Metode yang digunakan dalam penelitian ini adalah pemetaan struktural, analisis bidang sesar, penentuan
fisikokimia di lapangan sifat air sumur dan mata air, pengukuran debit di sungai, analisis unsur mayor dan minor serta
isotop air dan batuan di laboratorium dilengkapi dengan penyelidikan permeabilitas batuan. Pemodelan sifat air
hidrokimia dilakukan menggunakan PHREEQC dan kemudian mengahasilka pemodelan termal-hidrolik.
Struktur tektonik hidrogeologis dan geotermal yang relevan di daerah vulkanik aktif ini termasuk kedalam
dua pola zona sesar, joint dan fracture pada skala yang berbeda. Munculnya beberapa mata air panas sebagian besar
dihubungkan oleh zona sesar sementara aliran fluida bawah permukaan dikontrol oleh kelurusan berarah NW-SE pada
wilayah studi oleh karena itu menyebabkan sifat hidrolik dan komposisi kimia sangat berbeda dari cairan. Ada dua
jenis cairan yang bisa secara kasar diklasifikasikan ke dalam air asam dan netral. Isotop menunjukkan asal meteorit
dari air tanah pada areal panas bumi. Elemen pelacakan variable Konsentrasi dipengaruhi oleh perbedaan dalam rezim
pelapukan dan kondisi ekuilibrium geokimia di akuifer.

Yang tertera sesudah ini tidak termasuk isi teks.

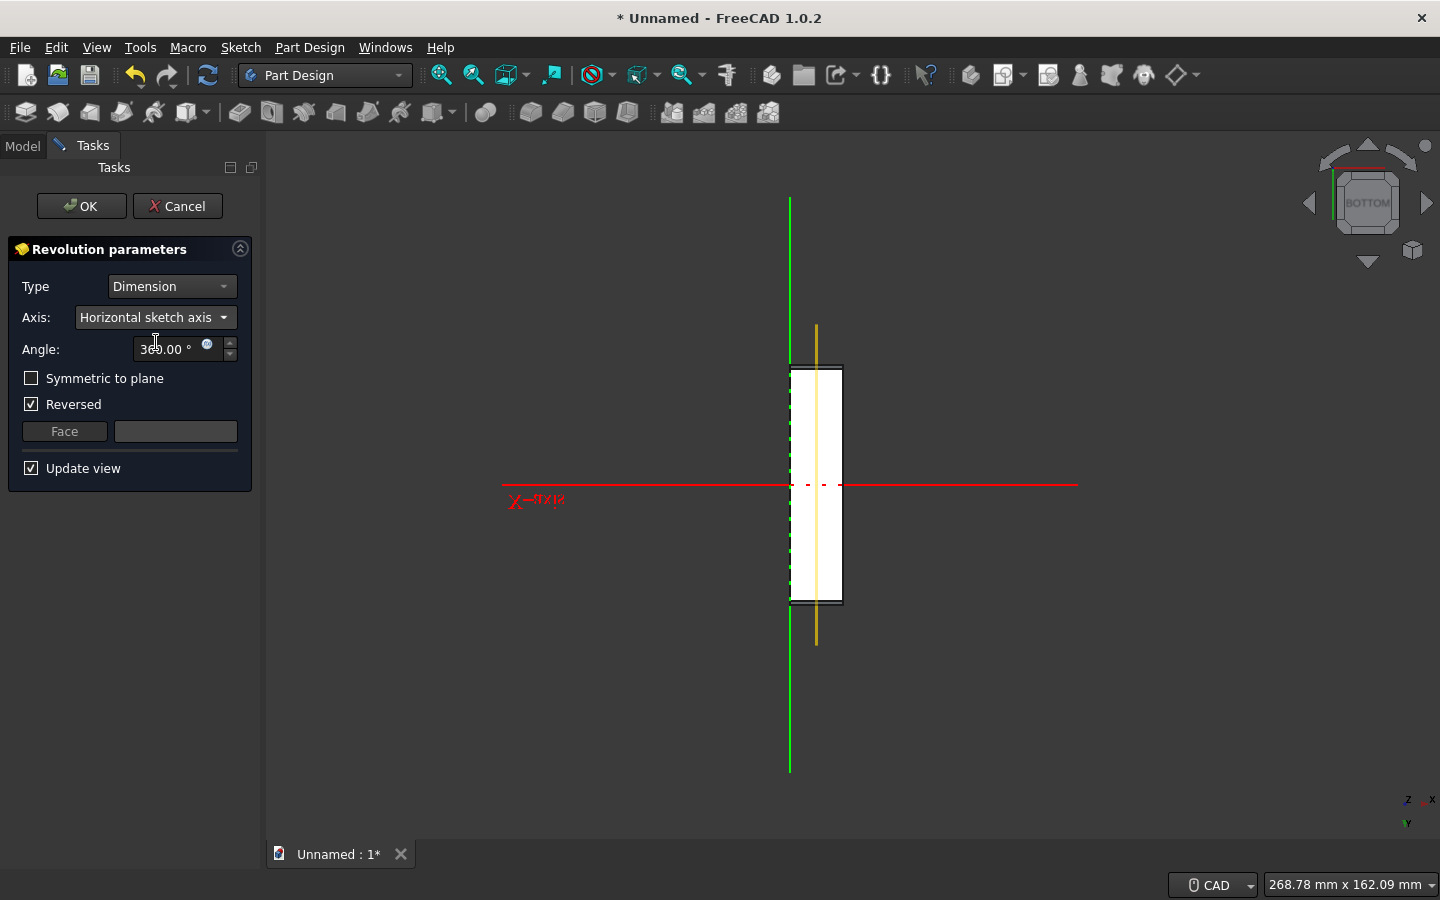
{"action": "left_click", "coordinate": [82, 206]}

Batuan utama pada daerah Lahendong adalah andesit dan breksia. Berdasarkan sayatan tipis dari singkapan
batuan di permukaan dan mata air menggunakan bor didapatkan adanya perbedaan tingkat alterasi. Suhu yang
didapatkan berdasarkan geotermometer berkisar antara 232 0C – 3410C.
Kompartementalisasi reservoir berasal dari analisis medan tegangan dari elemen tektonik yang dikombinasikan
dengan interpretasi hidrogeologi. Anomali suhu dan air sungai menunjukkan infiltrasi air permukaan ke dalam zona
sesar. Lapangan geotermal Lahendong dibagi menjadi dua sub-reservoir secara horizontal kurang permeabel dan pola
fraktur permeabel sejajar dengan arah struktur utama. Studi kami menunjukkan bahwa analisis geologi-struktural di
kombinasikan dengan penyelidikan hidrotermal dan geokimia adalah alat penting untuk karakterisasi reservoir
geothermal dan prediksi keberlanjutan eksploitasi energi panas bumi.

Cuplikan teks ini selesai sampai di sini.